Assigned task – Reproduce the entire listing exactly as written, apart from its pictures.

Stored data –
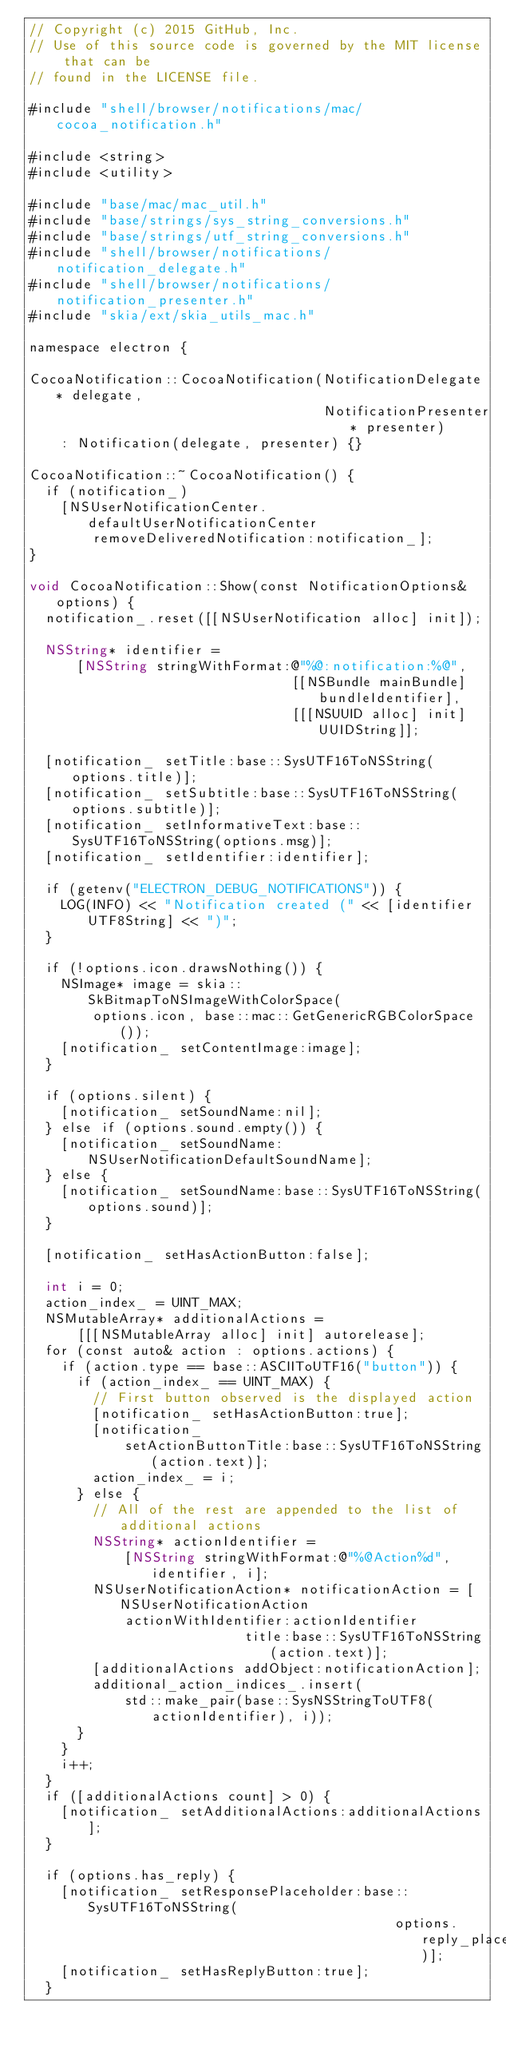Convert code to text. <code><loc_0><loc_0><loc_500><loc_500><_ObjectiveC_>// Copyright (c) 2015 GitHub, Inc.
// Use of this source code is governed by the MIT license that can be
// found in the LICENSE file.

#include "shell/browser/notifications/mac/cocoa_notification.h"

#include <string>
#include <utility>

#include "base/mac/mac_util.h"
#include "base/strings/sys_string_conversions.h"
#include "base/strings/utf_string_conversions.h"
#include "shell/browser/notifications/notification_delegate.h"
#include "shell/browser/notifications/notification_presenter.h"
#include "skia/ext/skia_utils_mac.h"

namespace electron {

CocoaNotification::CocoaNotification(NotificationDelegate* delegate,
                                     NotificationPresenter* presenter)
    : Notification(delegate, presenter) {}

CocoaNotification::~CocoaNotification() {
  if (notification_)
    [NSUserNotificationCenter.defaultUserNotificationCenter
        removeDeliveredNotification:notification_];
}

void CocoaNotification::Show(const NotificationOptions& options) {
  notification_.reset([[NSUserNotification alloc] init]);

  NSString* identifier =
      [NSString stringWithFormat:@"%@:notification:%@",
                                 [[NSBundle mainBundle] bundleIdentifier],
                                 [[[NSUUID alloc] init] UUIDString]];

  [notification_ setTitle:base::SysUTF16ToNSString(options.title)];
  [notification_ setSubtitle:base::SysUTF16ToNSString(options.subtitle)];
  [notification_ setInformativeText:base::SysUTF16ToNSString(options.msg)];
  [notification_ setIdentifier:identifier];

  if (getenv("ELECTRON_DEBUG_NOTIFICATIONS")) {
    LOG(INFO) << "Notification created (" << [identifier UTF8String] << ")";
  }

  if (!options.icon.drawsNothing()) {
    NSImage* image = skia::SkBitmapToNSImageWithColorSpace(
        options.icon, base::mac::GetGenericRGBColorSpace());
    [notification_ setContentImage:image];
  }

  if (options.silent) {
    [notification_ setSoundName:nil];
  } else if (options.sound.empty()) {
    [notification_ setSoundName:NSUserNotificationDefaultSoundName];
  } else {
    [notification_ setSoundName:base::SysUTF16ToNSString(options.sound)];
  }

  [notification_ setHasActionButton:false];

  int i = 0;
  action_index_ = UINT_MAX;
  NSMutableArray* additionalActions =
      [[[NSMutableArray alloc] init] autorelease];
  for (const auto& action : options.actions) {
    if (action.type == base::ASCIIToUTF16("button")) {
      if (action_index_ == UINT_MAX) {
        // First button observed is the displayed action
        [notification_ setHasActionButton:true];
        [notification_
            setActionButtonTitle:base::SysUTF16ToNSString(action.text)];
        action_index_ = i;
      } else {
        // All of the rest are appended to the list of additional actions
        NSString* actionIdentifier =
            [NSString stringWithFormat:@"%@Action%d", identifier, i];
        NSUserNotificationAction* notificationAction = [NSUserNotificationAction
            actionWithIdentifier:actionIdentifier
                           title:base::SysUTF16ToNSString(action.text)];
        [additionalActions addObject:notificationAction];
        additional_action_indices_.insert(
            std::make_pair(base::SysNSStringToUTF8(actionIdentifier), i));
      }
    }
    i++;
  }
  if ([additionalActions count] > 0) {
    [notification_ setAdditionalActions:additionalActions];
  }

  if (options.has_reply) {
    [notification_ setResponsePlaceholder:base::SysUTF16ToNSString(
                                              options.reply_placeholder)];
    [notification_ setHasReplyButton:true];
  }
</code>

Solution to the problem –
Convert code to text. <code><loc_0><loc_0><loc_500><loc_500><_ObjectiveC_>// Copyright (c) 2015 GitHub, Inc.
// Use of this source code is governed by the MIT license that can be
// found in the LICENSE file.

#include "shell/browser/notifications/mac/cocoa_notification.h"

#include <string>
#include <utility>

#include "base/mac/mac_util.h"
#include "base/strings/sys_string_conversions.h"
#include "base/strings/utf_string_conversions.h"
#include "shell/browser/notifications/notification_delegate.h"
#include "shell/browser/notifications/notification_presenter.h"
#include "skia/ext/skia_utils_mac.h"

namespace electron {

CocoaNotification::CocoaNotification(NotificationDelegate* delegate,
                                     NotificationPresenter* presenter)
    : Notification(delegate, presenter) {}

CocoaNotification::~CocoaNotification() {
  if (notification_)
    [NSUserNotificationCenter.defaultUserNotificationCenter
        removeDeliveredNotification:notification_];
}

void CocoaNotification::Show(const NotificationOptions& options) {
  notification_.reset([[NSUserNotification alloc] init]);

  NSString* identifier =
      [NSString stringWithFormat:@"%@:notification:%@",
                                 [[NSBundle mainBundle] bundleIdentifier],
                                 [[[NSUUID alloc] init] UUIDString]];

  [notification_ setTitle:base::SysUTF16ToNSString(options.title)];
  [notification_ setSubtitle:base::SysUTF16ToNSString(options.subtitle)];
  [notification_ setInformativeText:base::SysUTF16ToNSString(options.msg)];
  [notification_ setIdentifier:identifier];

  if (getenv("ELECTRON_DEBUG_NOTIFICATIONS")) {
    LOG(INFO) << "Notification created (" << [identifier UTF8String] << ")";
  }

  if (!options.icon.drawsNothing()) {
    NSImage* image = skia::SkBitmapToNSImageWithColorSpace(
        options.icon, base::mac::GetGenericRGBColorSpace());
    [notification_ setContentImage:image];
  }

  if (options.silent) {
    [notification_ setSoundName:nil];
  } else if (options.sound.empty()) {
    [notification_ setSoundName:NSUserNotificationDefaultSoundName];
  } else {
    [notification_ setSoundName:base::SysUTF16ToNSString(options.sound)];
  }

  [notification_ setHasActionButton:false];

  int i = 0;
  action_index_ = UINT_MAX;
  NSMutableArray* additionalActions =
      [[[NSMutableArray alloc] init] autorelease];
  for (const auto& action : options.actions) {
    if (action.type == base::ASCIIToUTF16("button")) {
      if (action_index_ == UINT_MAX) {
        // First button observed is the displayed action
        [notification_ setHasActionButton:true];
        [notification_
            setActionButtonTitle:base::SysUTF16ToNSString(action.text)];
        action_index_ = i;
      } else {
        // All of the rest are appended to the list of additional actions
        NSString* actionIdentifier =
            [NSString stringWithFormat:@"%@Action%d", identifier, i];
        NSUserNotificationAction* notificationAction = [NSUserNotificationAction
            actionWithIdentifier:actionIdentifier
                           title:base::SysUTF16ToNSString(action.text)];
        [additionalActions addObject:notificationAction];
        additional_action_indices_.insert(
            std::make_pair(base::SysNSStringToUTF8(actionIdentifier), i));
      }
    }
    i++;
  }
  if ([additionalActions count] > 0) {
    [notification_ setAdditionalActions:additionalActions];
  }

  if (options.has_reply) {
    [notification_ setResponsePlaceholder:base::SysUTF16ToNSString(
                                              options.reply_placeholder)];
    [notification_ setHasReplyButton:true];
  }
</code>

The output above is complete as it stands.